Mr. Blix could not be reached for comment, but he said in a recent television interview that although he respects U.S. and British intelligence agency reports on Iraq's weapons, Unmovic cannot report the intelligence to the Security Council because spy agencies will not disclose their sources.

Mr. Blix said in an interview with talk-show host Charlie Rose that "the problem is that they will not give you evidence."

"They will say, 'We are convinced for various reasons that they have one thing or another,' but they will not say where it is," he said on the Oct. 31 broadcast.

"They will say that, 'Well, we have to protect our sources, so we will not give you evidence,'" he said. "And if some people ask me am I sure that they have weapons of mass destruction, I say, 'If I had that, I would take it to the Security Council straight away.'"

U.S. intelligence agencies also reported unusual activity at a suspected biological-weapons facility in Iraq, the officials said.

A CIA report made public last month stated that "Iraq admitted producing thousands of liters of the [biological-warfare] agents anthrax, botulinum toxin and aflatoxin" and had prepared missile warheads and bombs to deliver the weapons.

"Baghdad did not provide persuasive evidence to support its claims that it unilaterally destroyed its [biological-warfare] agents and munitions," the report said.U.N. weapons inspectors said Baghdad's production figures for biological-warfare agents "vastly understated" its actual production and that it could have made two to four times the amount it said it produced, the report said.

The report said that about 8,000 anthrax spores, or less than one-millionth of a gram, is enough to cause a person to become infected and that inhaled anthrax is "100 percent fatal within five to seven days, although in recent cases, aggressive medical treatment has reduced the fatality rate."

The disclosure that Unmovic has not reported the intelligence to the Security Council follows the recent approval by the United Nations of Iraq's purchase of a specialty chemical that could be used to enhance Iraq's chemical and biological arms.

The sale of a shipment of a fine powder known as colloidal silicon dioxide was approved by the U.N. oil-for-food program for Iraq despite objections from the U.S. government amid concerns that the chemical could be used for weapons.

According to intelligence officials, reports about Iraq's hidden anthrax were bolstered by a former Iraqi government official who defected two years ago but only recently came forward with new information, U.S. officials said.

The former Iraqi official, who is part of an opposition group of ex-military officers, provided new details about storage sites where Iraq is keeping chemical and biological weapons, the U.S. officials said.
The defector's accounts have been verified by other intelligence, the officials said.

The failure to alert the Security Council to the anthrax stockpile has upset some Bush administration officials, who said the information might have helped persuade some members of the council to support tougher U.S. action.

"If Blix won't report this, what will he do when Iraq obstructs weapons inspectors?" one official asked.
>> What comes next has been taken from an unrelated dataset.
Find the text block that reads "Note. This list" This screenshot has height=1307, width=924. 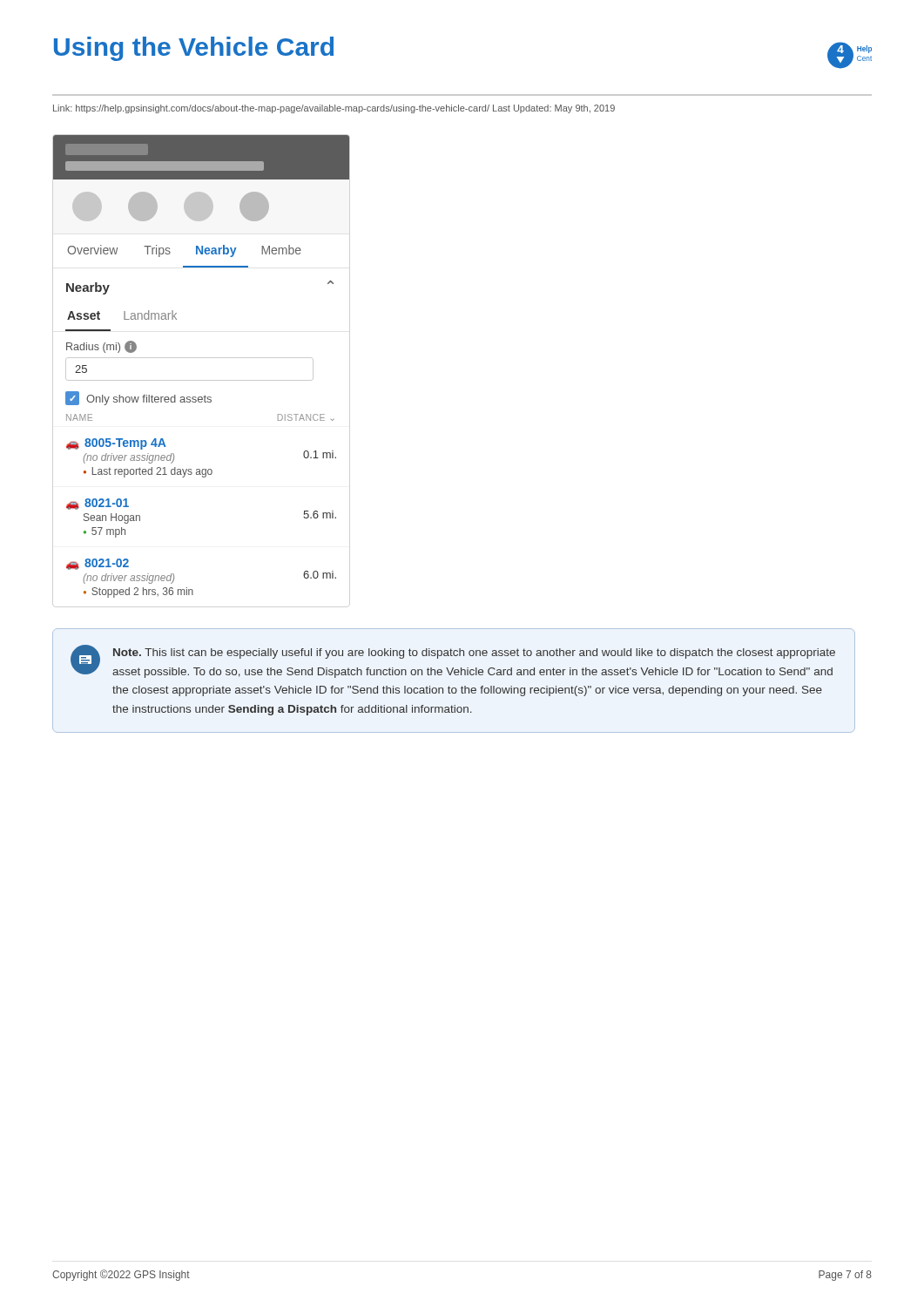click(454, 681)
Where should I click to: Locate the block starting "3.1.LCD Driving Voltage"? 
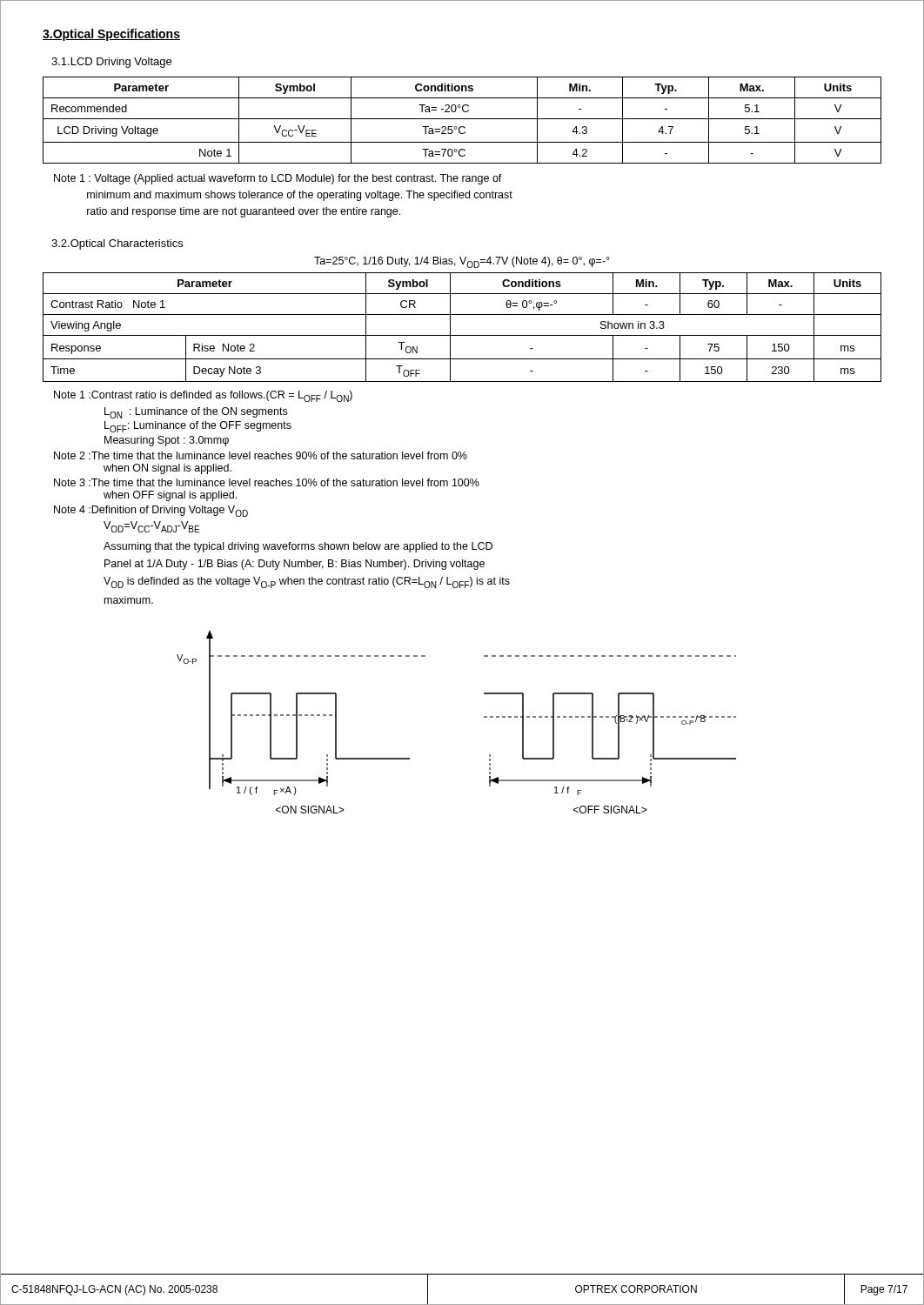pos(112,61)

Representatives of Russia, China and France have opposed U.S. efforts to win council approval of military action against Iraq and the ouster of dictator Saddam Hussein.
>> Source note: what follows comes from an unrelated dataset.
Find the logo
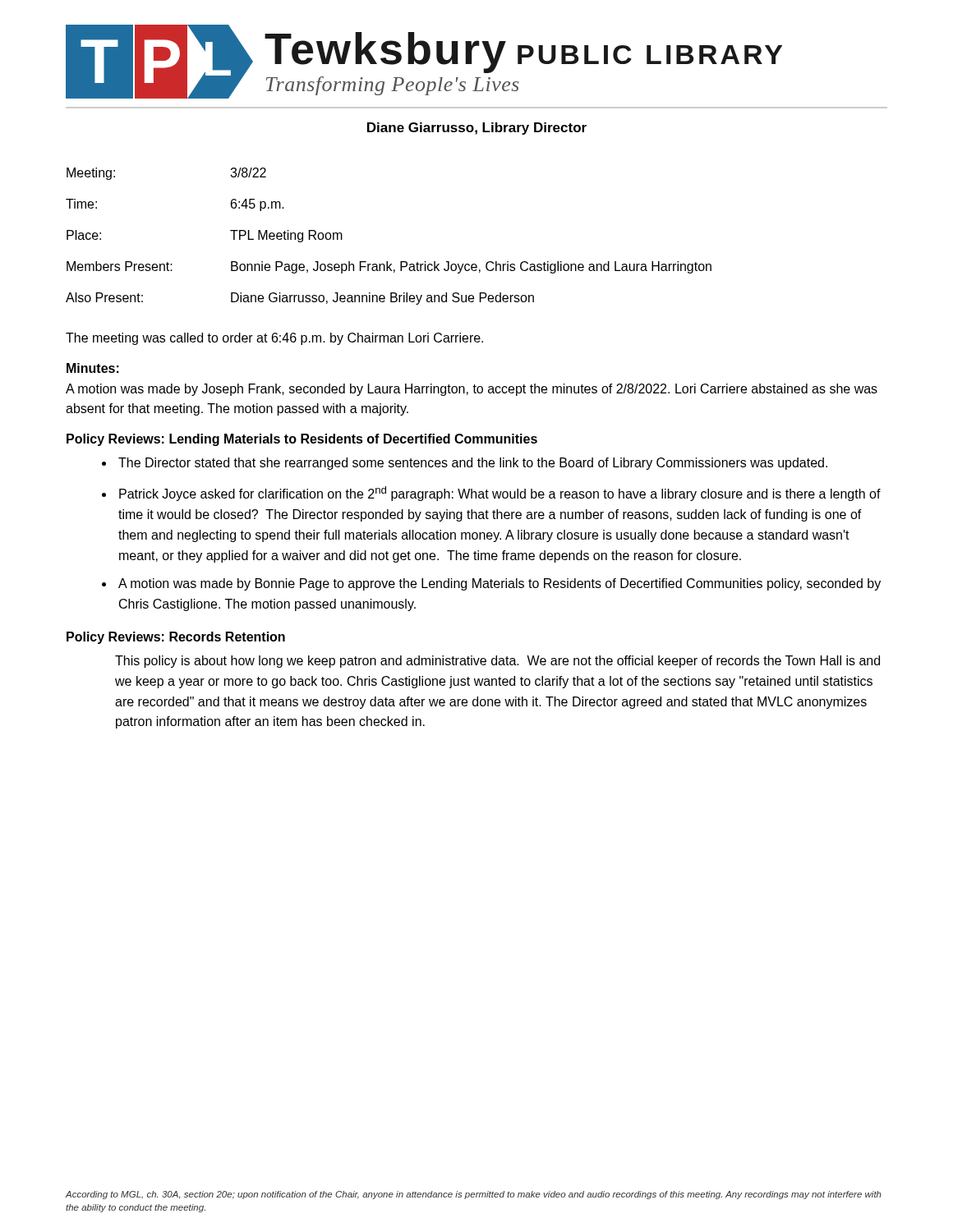953x1232 pixels. pyautogui.click(x=476, y=62)

The issue of Iraq's hidden anthrax is likely to emerge in the next month as the United Nations begins a new round of inspections inside Iraq.
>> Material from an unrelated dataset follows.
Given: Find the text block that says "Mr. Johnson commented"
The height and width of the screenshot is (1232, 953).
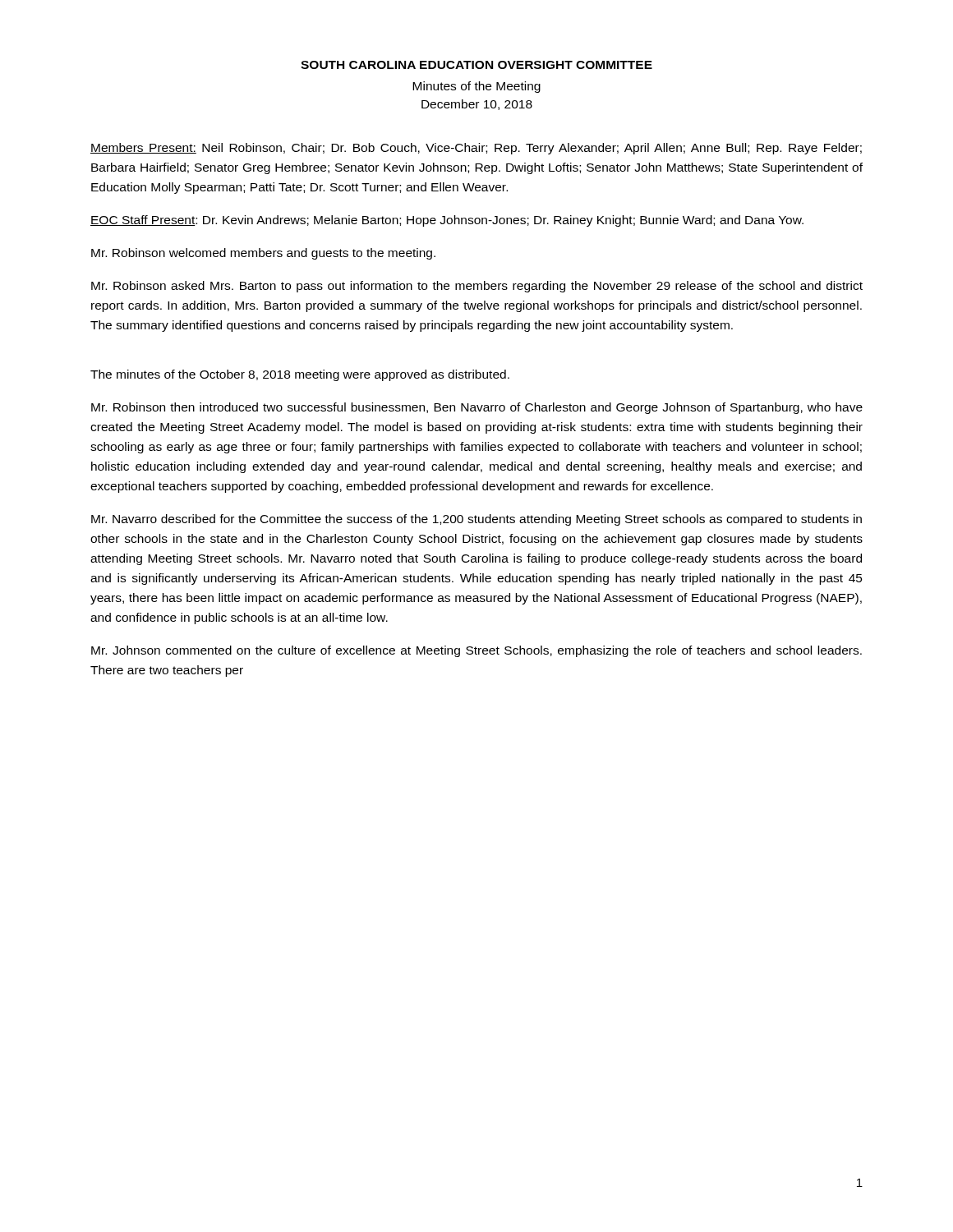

Weapons inspections were halted in 1998 after the Clinton administration began military strikes on Iraq aimed at knocking out suspected chemical-, biological- and nuclear-weapons development sites.

Army Gen. Tommy Franks, commander of the U.S. forces that would lead any attack on Iraq, said the issue of Iraq's weapons of mass destruction is a key area of concern.

"The linkages between the government of Iraq and other transnational terrorist organizations like al Qaeda is not the issue with me," Gen. Franks told reporters Oct. 29. "The issue is the potential of a state with weapons of mass destruction passing those weapons of mass destruction to proven terrorist capability. And I believe that that risk exists."